Ontario Liberals win third straight term in office
Ontario Premier and Liberal leader Dalton McGuinty and his wife Terri arrive at a polling station in Ottawa October 6, 2011. Ontario voters will head to the polls today in a provincial election. Reuters

Ontario Liberals scored a third straight victory in a provincial election in Canada's economic center on Thursday, but fell one seat short of a majority and will need support from opposition legislators to stay in power.

The Liberals won 53 seats in the Legislative Assembly of Ontario after a late surge in a campaign in which polls showed they started in a weak second place. The election numbers were not yet official and many individual races were very close.

This will be the first minority government in the province since the mid-1980s.

The Progressive Conservatives scooped up 37 seats while the left-leaning New Democrats were ahead in 17.

The Liberals' took most of the seats in urban centers including the financial capital of Toronto, while the Conservatives dominated the province's rural areas.

Ontario Premier Dalton McGuinty, now heading for his third straight term in office, campaigned on a message of a steady hand at the tiller in difficult times.

McGuinty highlighted his track record of steering the province, Canada's manufacturing powerhouse, through recession with no major spending cuts.

Ontario, with a population of more than 13 million, is Canada's most populous province. Its export-oriented economy accounts for about 40 percent of the national gross domestic product.
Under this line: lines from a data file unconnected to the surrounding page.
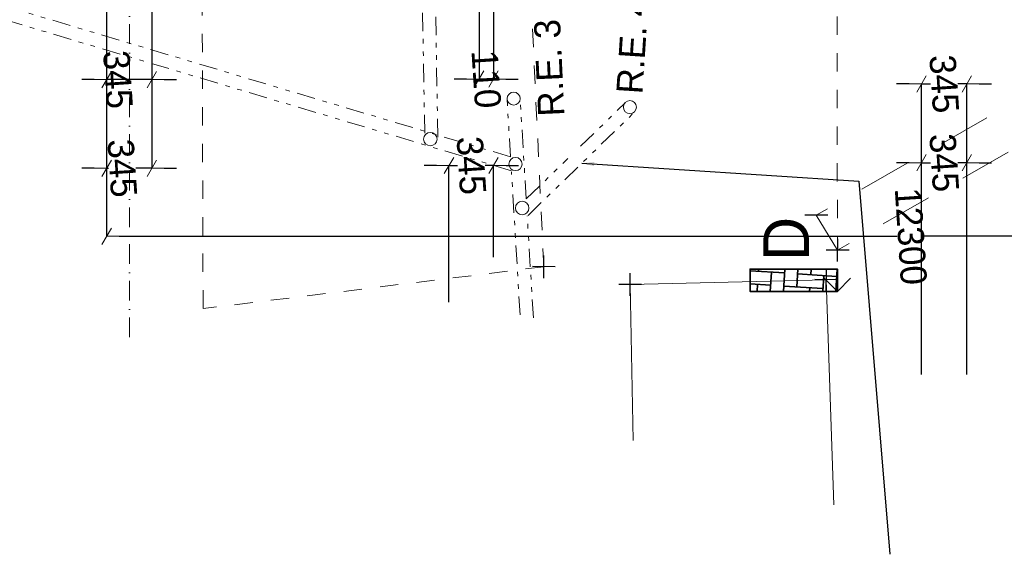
# Model space of a CAD drawing. Header units: millimetres. Extents: x -115474967 to 444143, y -74377 to 241828222.
# Tile 2 of 256: x -159603 to -152081, y -73838 to -69752. Entities that reach past the tile are written whole.
import ezdxf

# ---------------------------------------------------------------- set-up
doc = ezdxf.new("R2010")
doc.units = ezdxf.units.MM
doc.header["$MEASUREMENT"] = 0
for name, pattern in [('Dashed', [280, 140, -140]), ('Dot & Dashed', [280, 150, -60, 0, -70]), ('Long Dashed', [700, 400, -300]), ('Triple Dashed', [390, 140, -60, 35, -60, 35, -60])]:
    doc.linetypes.add(name, pattern=pattern)
for name, color, linetype, lineweight in [('A_SURVEY_Pen_No__1', 7, 'Continuous', 30), ('A_SURVEY_Pen_No__6', 7, 'Continuous', 5), ('BUILDING_Pen_No__128', 9, 'Continuous', 0), ('BUILDING_Pen_No__161', 1, 'Continuous', 5), ('C-GRID _Pen_No__5', 7, 'Continuous', 5), ('SEWER LINE_Pen_No__10', 9, 'Continuous', 20), ('SEWER LINE_Pen_No__3', 30, 'Continuous', 15), ('SEWER LINE_Pen_No__5', 7, 'Continuous', 5), ('SEWER LINE_Pen_No__6', 7, 'Continuous', 5), ('SPLITPOLE FENCE_Pen_No__2', 7, 'Continuous', 20)]:
    doc.layers.add(name, color=color, linetype=linetype, lineweight=lineweight)
doc.layers.add('C_DIMS - GA', color=7, linetype='Continuous')
doc.layers.add('SEWER LINE', color=7, linetype='Continuous')
doc.layers.add('ROAD_Pen_No__7', color=7, linetype='Continuous', lineweight=5, true_color=0x3f3f3f)
doc.styles.add('GENERATED_STYLE_1', font='GOTHIC.TTF')
doc.dimstyles.new('GENERATED_STYLE__3', dxfattribs={"dimtxt": 200, "dimasz": 95, "dimexe": 0.18, "dimexo": 2517.243423, "dimgap": 0.09, "dimtad": 1, "dimdec": 0, "dimzin": 0, "dimdsep": 46, "dimtxsty": 'GENERATED_STYLE_1', "dimblk": 'ARROWHEAD_2', "dimblk1": 'ARROWHEAD_2', "dimblk2": 'ARROWHEAD_2', "dimcen": 0.09, "dimclrd": 7, "dimclre": 7, "dimclrt": 7, "dimadec": 0, "dimazin": 0, "dimtfac": 1, "dimtdec": 4, "dimtmove": 0, "dimatfit": 3, "dimfxl": 1, "dimtolj": 1, "dimtzin": 0, "dimarcsym": 0})
doc.dimstyles.new('GENERATED_STYLE__7', dxfattribs={"dimtxt": 200, "dimasz": 95, "dimexe": 0.18, "dimexo": 90000, "dimgap": 0.09, "dimtad": 1, "dimtih": 1, "dimtoh": 1, "dimdec": 0, "dimzin": 0, "dimdsep": 46, "dimtxsty": 'GENERATED_STYLE_1', "dimblk": 'ARROWHEAD_2', "dimblk1": 'ARROWHEAD_2', "dimblk2": 'ARROWHEAD_2', "dimcen": 0.09, "dimclrd": 7, "dimclre": 7, "dimclrt": 7, "dimadec": 0, "dimazin": 0, "dimtfac": 1, "dimtdec": 4, "dimtmove": 2, "dimatfit": 3, "dimfxl": 1, "dimtolj": 1, "dimtzin": 0, "dimarcsym": 0})

# ---------------------------------------------------------------- blocks, each defined once
blk = doc.blocks.new('ARROWHEAD_2')
at = {"color": 0, "linetype": 'Continuous', "lineweight": 0}
for p, q in [((0, 0), (-1, 0)), ((-0.378, -0.655), (0.378, 0.655))]:
    blk.add_line(p, q, dxfattribs=at)
blk = doc.blocks.new('Line_7', base_point=(-146113.9, 82987.9))
at = {"layer": 'SEWER LINE_Pen_No__3', "color": 30, "linetype": 'Dashed', "lineweight": 15}
blk.add_line((-146113.9, 82987.9), (-140762.9, 83340.8), dxfattribs=at)
at = {"layer": 'SEWER LINE_Pen_No__5', "color": 4, "linetype": 'Continuous', "lineweight": 5}
for q in [(-146020.7, 83094.2), (-146007.5, 82894.7)]:
    blk.add_line((-146113.9, 82987.9), q, dxfattribs=at)
blk = doc.blocks.new('*D977')
at = {"layer": 'C_DIMS - GA', "color": 7, "linetype": 'Continuous', "lineweight": -2, "transparency": 16777216}
for p, q in [((-152808.3, -70243.1), (-152903.3, -70243.1)), ((-152713.3, -70243.1), (-152646, -70243.1)), ((-152713.3, -71558.3), (-152713.3, -70243.2)), ((-152368, -70243.1), (-152435.3, -70243.1)), ((-152368, -71902.6), (-152368, -70243.2)), ((-152273, -70243.1), (-152178, -70243.1))]:
    blk.add_line(p, q, dxfattribs=at)
at = {"layer": 'Defpoints', "color": 0, "linetype": 'Continuous', "transparency": 16777216}
for p in [(-152713.3, -69041), (-152368, -69385.3), (-152713.3, -70243.1)]:
    blk.add_point(p, dxfattribs=at)
at = {"layer": 'C_DIMS - GA', "color": 7, "linetype": 'Continuous', "lineweight": -2, "transparency": 16777216, "xscale": 95, "yscale": 95, "zscale": 95}
for p, rotation in [((-152713.3, -70243.1), 359.9999999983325), ((-152368, -70243.1), 179.9999999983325)]:
    blk.add_blockref('ARROWHEAD_2', p, dxfattribs=dict(at, rotation=rotation))
at = {"layer": 'C_DIMS - GA', "color": 7, "linetype": 'Continuous', "lineweight": 5, "transparency": 16777216, "insert": (-152540.7, -70243.1), "char_height": 200, "attachment_point": 5, "rotation": 273.73419, "style": 'GENERATED_STYLE_1'}
blk.add_mtext('\\A1;345', dxfattribs=at)
blk = doc.blocks.new('*D978')
at = {"layer": 'C_DIMS - GA', "color": 7, "linetype": 'Continuous', "lineweight": -2, "transparency": 16777216}
for p, q in [((-156093.9, -69150), (-156093.9, -70206.6)), ((-155983.9, -69150), (-155983.9, -70206.6)), ((-156188.9, -70206.4), (-156283.9, -70206.4)), ((-155983.9, -70206.4), (-156093.9, -70206.4)), ((-155888.9, -70206.4), (-155793.9, -70206.4))]:
    blk.add_line(p, q, dxfattribs=at)
at = {"layer": 'Defpoints', "color": 0, "linetype": 'Continuous', "transparency": 16777216}
for p in [(-156093.9, -66632.8), (-155983.9, -66632.8), (-156093.9, -70206.4)]:
    blk.add_point(p, dxfattribs=at)
at = {"layer": 'C_DIMS - GA', "color": 7, "linetype": 'Continuous', "lineweight": -2, "transparency": 16777216, "xscale": 95, "yscale": 95, "zscale": 95}
for p, rotation in [((-156093.9, -70206.4), 359.9999999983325), ((-155983.9, -70206.4), 179.9999999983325)]:
    blk.add_blockref('ARROWHEAD_2', p, dxfattribs=dict(at, rotation=rotation))
at = {"layer": 'C_DIMS - GA', "color": 7, "linetype": 'Continuous', "lineweight": 5, "transparency": 16777216, "insert": (-156038.9, -70206.4), "char_height": 200, "attachment_point": 5, "rotation": 273.73419, "style": 'GENERATED_STYLE_1'}
blk.add_mtext('\\A1;110', dxfattribs=at)
blk = doc.blocks.new('*D979')
at = {"layer": 'C_DIMS - GA', "color": 7, "linetype": 'Continuous', "lineweight": -2, "transparency": 16777216}
for p, q in [((-158938.6, -66375.7), (-158938.6, -70209.6)), ((-158593.6, -66375.6), (-158593.6, -70209.6)), ((-159033.6, -70209.5), (-159128.6, -70209.5)), ((-158593.6, -70209.5), (-158938.6, -70209.5)), ((-158498.6, -70209.5), (-158403.6, -70209.5))]:
    blk.add_line(p, q, dxfattribs=at)
at = {"layer": 'Defpoints', "color": 0, "linetype": 'Continuous', "transparency": 16777216}
for p in [(-158938.6, -63858.4), (-158593.6, -63858.4), (-158938.6, -70209.5)]:
    blk.add_point(p, dxfattribs=at)
at = {"layer": 'C_DIMS - GA', "color": 7, "linetype": 'Continuous', "lineweight": -2, "transparency": 16777216, "xscale": 95, "yscale": 95, "zscale": 95}
for p, rotation in [((-158938.6, -70209.5), 359.9999999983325), ((-158593.6, -70209.5), 179.9999999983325)]:
    blk.add_blockref('ARROWHEAD_2', p, dxfattribs=dict(at, rotation=rotation))
at = {"layer": 'C_DIMS - GA', "color": 7, "linetype": 'Continuous', "lineweight": 5, "transparency": 16777216, "insert": (-158852.6, -70209.5), "char_height": 200, "attachment_point": 5, "rotation": 273.73419, "style": 'GENERATED_STYLE_1'}
blk.add_mtext('\\A1;345', dxfattribs=at)
blk = doc.blocks.new('*D992')
at = {"layer": 'C_DIMS - GA', "color": 7, "linetype": 'Continuous', "lineweight": -2, "transparency": 16777216}
for p, q in [((-158938.6, -66375.7), (-158938.6, -71407.8)), ((-158843.6, -71407.6), (-152900.6, -71407.6)), ((-146734, -71407.6), (-152689.9, -71407.6)), ((-146639, -71629.4), (-146639, -71407.8))]:
    blk.add_line(p, q, dxfattribs=at)
at = {"layer": 'Defpoints', "color": 0, "linetype": 'Continuous', "transparency": 16777216}
for p in [(-158938.6, -63858.4), (-146639, -69112.2), (-158938.6, -71407.6)]:
    blk.add_point(p, dxfattribs=at)
at = {"layer": 'C_DIMS - GA', "color": 7, "linetype": 'Continuous', "lineweight": -2, "transparency": 16777216, "xscale": 95, "yscale": 95, "zscale": 95}
for p, rotation in [((-158938.6, -71407.6), 179.9999999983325), ((-146639, -71407.6), 359.9999999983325)]:
    blk.add_blockref('ARROWHEAD_2', p, dxfattribs=dict(at, rotation=rotation))
at = {"layer": 'C_DIMS - GA', "color": 7, "linetype": 'Continuous', "lineweight": 5, "transparency": 16777216, "insert": (-152795.3, -71407.6), "char_height": 200, "attachment_point": 5, "rotation": 273.73419, "style": 'GENERATED_STYLE_1'}
blk.add_mtext('\\A1;12300', dxfattribs=at)
blk = doc.blocks.new('*D999')
at = {"layer": 'C_DIMS - GA', "color": 7, "linetype": 'Continuous', "lineweight": -2, "transparency": 16777216}
for p, q in [((-152808.3, -70845.6), (-152903.3, -70845.6)), ((-152713.3, -70845.6), (-152646, -70845.6)), ((-152713.3, -72464.4), (-152713.3, -70845.8)), ((-152368, -70845.6), (-152435.3, -70845.6)), ((-152368, -72464.4), (-152368, -70845.8)), ((-152273, -70845.6), (-152178, -70845.6))]:
    blk.add_line(p, q, dxfattribs=at)
at = {"layer": 'Defpoints', "color": 0, "linetype": 'Continuous', "transparency": 16777216}
for p in [(-152713.3, -69947.1), (-152368, -69947.1), (-152713.3, -70845.6)]:
    blk.add_point(p, dxfattribs=at)
at = {"layer": 'C_DIMS - GA', "color": 7, "linetype": 'Continuous', "lineweight": -2, "transparency": 16777216, "xscale": 95, "yscale": 95, "zscale": 95}
for p, rotation in [((-152713.3, -70845.6), 359.9999999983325), ((-152368, -70845.6), 179.9999999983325)]:
    blk.add_blockref('ARROWHEAD_2', p, dxfattribs=dict(at, rotation=rotation))
at = {"layer": 'C_DIMS - GA', "color": 7, "linetype": 'Continuous', "lineweight": 5, "transparency": 16777216, "insert": (-152540.7, -70845.6), "char_height": 200, "attachment_point": 5, "rotation": 273.73419, "style": 'GENERATED_STYLE_1'}
blk.add_mtext('\\A1;345', dxfattribs=at)
blk = doc.blocks.new('*D1000')
at = {"layer": 'C_DIMS - GA', "color": 7, "linetype": 'Continuous', "lineweight": -2, "transparency": 16777216}
for p, q in [((-156418.2, -70866.5), (-156513.2, -70866.5)), ((-156323.2, -70866.5), (-156258.2, -70866.5)), ((-156323.2, -71910.4), (-156323.2, -70866.7)), ((-155982.5, -70866.5), (-156047.5, -70866.5)), ((-155982.5, -71566.3), (-155982.5, -70866.7)), ((-155887.5, -70866.5), (-155792.5, -70866.5))]:
    blk.add_line(p, q, dxfattribs=at)
at = {"layer": 'Defpoints', "color": 0, "linetype": 'Continuous', "transparency": 16777216}
for p in [(-155982.5, -69049.1), (-156323.2, -69393.2), (-156323.2, -70866.5)]:
    blk.add_point(p, dxfattribs=at)
at = {"layer": 'C_DIMS - GA', "color": 7, "linetype": 'Continuous', "lineweight": -2, "transparency": 16777216, "xscale": 95, "yscale": 95, "zscale": 95}
for p, rotation in [((-156323.2, -70866.5), 359.9999999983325), ((-155982.5, -70866.5), 179.9999999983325)]:
    blk.add_blockref('ARROWHEAD_2', p, dxfattribs=dict(at, rotation=rotation))
at = {"layer": 'C_DIMS - GA', "color": 7, "linetype": 'Continuous', "lineweight": 5, "transparency": 16777216, "insert": (-156152.9, -70866.5), "char_height": 200, "attachment_point": 5, "rotation": 273.73419, "style": 'GENERATED_STYLE_1'}
blk.add_mtext('\\A1;345', dxfattribs=at)
blk = doc.blocks.new('*D1001')
at = {"layer": 'C_DIMS - GA', "color": 7, "linetype": 'Continuous', "lineweight": -2, "transparency": 16777216}
for p, q in [((-158938.6, -66375.7), (-158938.6, -70887.2)), ((-158593.6, -66375.6), (-158593.6, -70887.2)), ((-159033.6, -70887), (-159128.6, -70887)), ((-158938.6, -70887), (-158925, -70887)), ((-158593.6, -70887), (-158714.3, -70887)), ((-158498.6, -70887), (-158403.6, -70887))]:
    blk.add_line(p, q, dxfattribs=at)
at = {"layer": 'Defpoints', "color": 0, "linetype": 'Continuous', "transparency": 16777216}
for p in [(-158938.6, -63858.4), (-158593.6, -63858.4), (-158938.6, -70887)]:
    blk.add_point(p, dxfattribs=at)
at = {"layer": 'C_DIMS - GA', "color": 7, "linetype": 'Continuous', "lineweight": -2, "transparency": 16777216, "xscale": 95, "yscale": 95, "zscale": 95}
for p, rotation in [((-158938.6, -70887), 359.9999999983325), ((-158593.6, -70887), 179.9999999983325)]:
    blk.add_blockref('ARROWHEAD_2', p, dxfattribs=dict(at, rotation=rotation))
at = {"layer": 'C_DIMS - GA', "color": 7, "linetype": 'Continuous', "lineweight": 5, "transparency": 16777216, "insert": (-158819.6, -70887), "char_height": 200, "attachment_point": 5, "rotation": 273.73419, "style": 'GENERATED_STYLE_1'}
blk.add_mtext('\\A1;345', dxfattribs=at)

msp = doc.modelspace()

# ---------------------------------------------------------------- hatches: boundary and pattern name
at = {"layer": 'A_SURVEY_Pen_No__1', "linetype": 'Continuous', "lineweight": 35}
h = msp.add_hatch(dxfattribs=at)
h.set_pattern_fill('PATTERN__PAVING', color=214, angle=86.265807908, style=0, pattern_type=2)
h.set_pattern_definition([(86.2658, (-61028.23, 68570.5), (-399.1508, 26.0511), [300, -100]), (86.2658, (-61108.5, 68876.36), (-399.1508, 26.0511), [300, -100]), (86.2658, (-61214.8, 68783.1), (-399.1508, 26.0511), [300, -100]), (86.2658, (-61321.1, 68689.8), (-399.1508, 26.0511), [300, -100]), (176.2658, (-61015.2, 68770.06), (-26.0511, -399.1508), [300, -100]), (176.2658, (-61121.5, 68676.8), (-26.0511, -399.1508), [300, -100]), (176.2658, (-61227.8, 68583.5), (-26.0511, -399.1508), [300, -100]), (176.2658, (-61308.06, 68889.4), (-26.0511, -399.1508), [300, -100])])
h.paths.add_polyline_path([(-153355.99375, -71828.34881), (-154023.13052, -71828.80504), (-154023.24723, -71658.14215), (-153356.11046, -71657.68591)])

# ---------------------------------------------------------------- linework, layer by layer
at = {"layer": 'A_SURVEY_Pen_No__1', "color": 214, "linetype": 'Continuous', "lineweight": 35, "flags": 128}
msp.add_lwpolyline([(-153355.99375, -71828.34881), (-154023.13052, -71828.80504), (-154023.24723, -71658.14215), (-153356.11046, -71657.68591)], close=True, dxfattribs=at)
at = {"layer": 'BUILDING_Pen_No__128', "color": 9, "linetype": 'Long Dashed', "lineweight": 0}
for p, q in [((-149172.97847, -68770.49009), (-153516.988, -71245.6986)), ((-149017.97433, -69019.74241), (-153354.12861, -71513.01456)), ((-153516.988, -71245.6986), (-153354.12862, -71513.01456))]:
    msp.add_line(p, q, dxfattribs=at)
at = {"layer": 'BUILDING_Pen_No__161', "color": 1, "linetype": 'Dashed', "lineweight": 5}
for p, q in [((-158201.87387, -71960.11402), (-158213.98026, -67643.03261)), ((-155599.22029, -71639.99633), (-155694.55727, -69627.49149)), ((-155599.22029, -71639.99633), (-158201.87387, -71960.11402))]:
    msp.add_line(p, q, dxfattribs=at)
at = {"layer": 'C-GRID _Pen_No__5', "color": 4, "linetype": 'Dot & Dashed', "lineweight": 5}
msp.add_line((-158764.34582, -72177.39368), (-158764.29394, -52710.2462), dxfattribs=at)
at = {"layer": 'ROAD_Pen_No__7', "color": 190, "linetype": 'Continuous', "lineweight": 5, "true_color": 0x9f07ff}
for p, q in [((-153440.9481, -71739.32491), (-154939.29318, -71776.29824)), ((-153440.9481, -71739.32491), (-153383.75757, -73459.83944)), ((-154939.29318, -71776.29824), (-154916.86291, -72968.51671))]:
    msp.add_line(p, q, dxfattribs=at)
at = {"layer": 'SEWER LINE_Pen_No__10', "color": 25, "linetype": 'Triple Dashed', "lineweight": 20, "true_color": 0x996633}
for p, q in [((-156508.55358, -70619.28802), (-156556.04527, -67942.12547)), ((-156408.16182, -70649.23146), (-156456.26328, -67940.35364)), ((-155852.76115, -70800.16839), (-160134.19893, -69523.16107)), ((-155846.36082, -70906.43077), (-160118.69793, -69632.13786)), ((-155852.76115, -70800.16839), (-155879.39189, -70358.02824)), ((-155733.20154, -71121.90046), (-155779.97252, -70345.37956)), ((-155317.33983, -70718.25462), (-154977.77549, -70388.66493)), ((-155719.30803, -71247.77479), (-154897.75828, -70450.35793)), ((-155733.20154, -71121.90046), (-155415.51131, -70813.54232)), ((-155780.05693, -72007.24918), (-155845.92501, -70913.66632)), ((-155678.44492, -72031.00405), (-155725.38103, -71251.74148))]:
    msp.add_line(p, q, dxfattribs=at)
at = {"layer": 'SEWER LINE_Pen_No__10', "color": 25, "linetype": 'Continuous', "lineweight": 20, "true_color": 0x996633}
for centre, radius in [((-155828.96086, -70355.38667), 50), ((-154941.21328, -70419.64547), 50), ((-156465.76919, -70664.576), 51.18709), ((-155815.01514, -70855.03301), 50.29371), ((-155764.09532, -71191.39112), 51.44185)]:
    msp.add_circle(centre, radius, dxfattribs=at)
at = {"layer": 'SPLITPOLE FENCE_Pen_No__2', "color": 1, "linetype": 'Continuous', "lineweight": 25}
for p, q in [((-153430.03698, -71246.39662), (-153603.93902, -71245.00058)), ((-153354.82663, -71599.96558), (-153353.4306, -71426.06353)), ((-153267.17759, -71513.71257), (-153441.07964, -71512.31654)), ((-155599.91831, -71726.94735), (-155598.52227, -71553.04531)), ((-155512.26927, -71640.69434), (-155686.17131, -71639.29831)), ((-153441.64612, -71826.27593), (-153440.25009, -71652.37389)), ((-154939.9912, -71863.24926), (-154938.59517, -71689.34722)), ((-153353.99708, -71740.02293), (-153527.89912, -71738.62689)), ((-154852.34216, -71776.99625), (-155026.2442, -71775.60022))]:
    msp.add_line(p, q, dxfattribs=at)

# ---------------------------------------------------------------- block references
at = {"layer": 'SEWER LINE', "color": 30, "linetype": 'Dashed', "lineweight": 15, "rotation": 86.26580790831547}
msp.add_blockref('Line_7', (-153355.99375, -71828.34881), dxfattribs=at)

# ---------------------------------------------------------------- texts
at = {"layer": 'A_SURVEY_Pen_No__6', "color": 7, "linetype": 'Continuous', "lineweight": 5, "attachment_point": 5, "style": 'GENERATED_STYLE_1'}
for s, insert, char_height, rotation in [('\\A1;{\\pqc;\\fCentury Gothic|b0|i0|c0|p34;R.E. 4}', (-154921.59735, -69947.16886), 200, 86.265807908), ('\\A1;{\\pqc;\\fCentury Gothic|b0|i0|c0|p34;R.E. 3}', (-155556.82199, -70120.11677), 200, 92.642709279), ('\\A1;{\\pqc;\\fCentury Gothic|b0|i0|c0|p34;D}', (-153747.6054, -71427.95359), 350, 90.039182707)]:
    msp.add_mtext(s, dxfattribs=dict(at, insert=insert, char_height=char_height, rotation=rotation))

# ---------------------------------------------------------------- dimensions: what is measured, and where the dimension line sits
at = {"layer": 'C_DIMS - GA', "color": 7, "linetype": 'Continuous', "lineweight": 5}
for base, p1, p2, picture, middle in [((-158938.58026, -70209.46574), (-158593.58026, -63858.40474), (-158938.58026, -63858.43571), '*D979', (-158852.60568, -70209.46574)), ((-158938.58026, -70887.04721), (-158593.58026, -63858.40474), (-158938.58026, -63858.43571), '*D1001', (-158819.61668, -70887.04721)), ((-158938.58026, -71407.61855), (-146638.96545, -69112.17514), (-158938.58026, -63858.43571), '*D992', (-152795.27904, -71407.61855)), ((-156093.85202, -70206.37956), (-155983.85202, -66632.75138), (-156093.85202, -66632.76995), '*D978', (-156038.85202, -70206.37956)), ((-152713.27593, -70243.06709), (-152368.04039, -69385.33075), (-152713.27593, -69041.01661), '*D977', (-152540.65816, -70243.06709)), ((-152713.27593, -70845.63449), (-152368.04039, -69947.11224), (-152713.27593, -69947.11224), '*D999', (-152540.65816, -70845.63449))]:
    dim = msp.add_linear_dim(base=base, p1=p1, p2=p2, angle=179.999999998, dimstyle='GENERATED_STYLE__3', dxfattribs=at)
    dim.commit()
    dim.dimension.update_dxf_attribs({"geometry": picture, "text_midpoint": middle, "dimtype": 160, "text_rotation": 273.734192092})
dim = msp.add_linear_dim(base=(-156323.22745, -70866.541), p1=(-155982.53507, -69049.06998), p2=(-156323.22745, -69393.19607), angle=179.999999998, text='345', dimstyle='GENERATED_STYLE__3', dxfattribs=at)
dim.commit()
dim.dimension.update_dxf_attribs({"geometry": '*D1000', "text_midpoint": (-156152.88126, -70866.541), "dimtype": 160, "text_rotation": 273.734192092})

# ---------------------------------------------------------------- leaders
at = {"layer": 'SEWER LINE_Pen_No__6', "color": 7, "linetype": 'Continuous', "lineweight": 5}
msp.add_leader([(-155308.53316, -70849.06636), (-153192.67998, -70987.16044), (-152955.85256, -73837.69197)], dimstyle='GENERATED_STYLE__7', dxfattribs=at)

doc.saveas('drawing.dxf')

The Liberals lost a total of 17 seats in the election, with the Conservatives picking up 12 and the New Democrats gaining seven. There were two vacancies going into the vote.

Fifty-four seats is the slimmest possible majority for the Liberals. Being one seat short of a majority means the Liberals will need to cooperate with opposition legislators to push through their agenda.

The two opposition parties can join forces to vote them out, either by rejecting major legislation or by passing a vote of no confidence.

'PREMIER DAD'

The race began with a call for change over public frustration with the rising debt, taxes, electricity bills and spending scandals. In the end, voters decided that boring is sometimes best with a stable McGuinty dubbed Premier Dad.

It's important that we be sober minded about the message Ontarians have sent us tonight, McGuinty said in a bittersweet speech before a cheering crowd in Ottawa.

Ontarians said to us, 'We are placing our trust in you but we expect you to work even harder, listen more than ever and give us nothing but your best every day. But most of all we demand that you lead.'

During the campaign, the Liberals promised more money for their priorities of healthcare and education.

They say they can rein in a C$16 billion deficit and ween the province off its dependency on the auto sector by investing heavily in renewable energy.

Tim Hudak, leader of the Progressive Conservatives, saw his lead disappear in the final weeks of the campaign as he scrambled to connect with voters on a platform that looked very similar to that of the Liberals, albeit with some promises to lower taxes and curb spending.

It is very clear that the people of Ontario have put Dalton McGuinty on a much shorter leash, Hudak told supporters at his campaign headquarters in Niagara Falls.

A vow to scrap Ontario's C$7 billion green energy deal with South Korea's Samsung and end above-market prices for renewable power were the party's only big policy difference with the Liberals.

Negative media play about right-wing crime and punishment ideas and moves deemed anti-immigrant and homophobic also did the Conservatives few favors.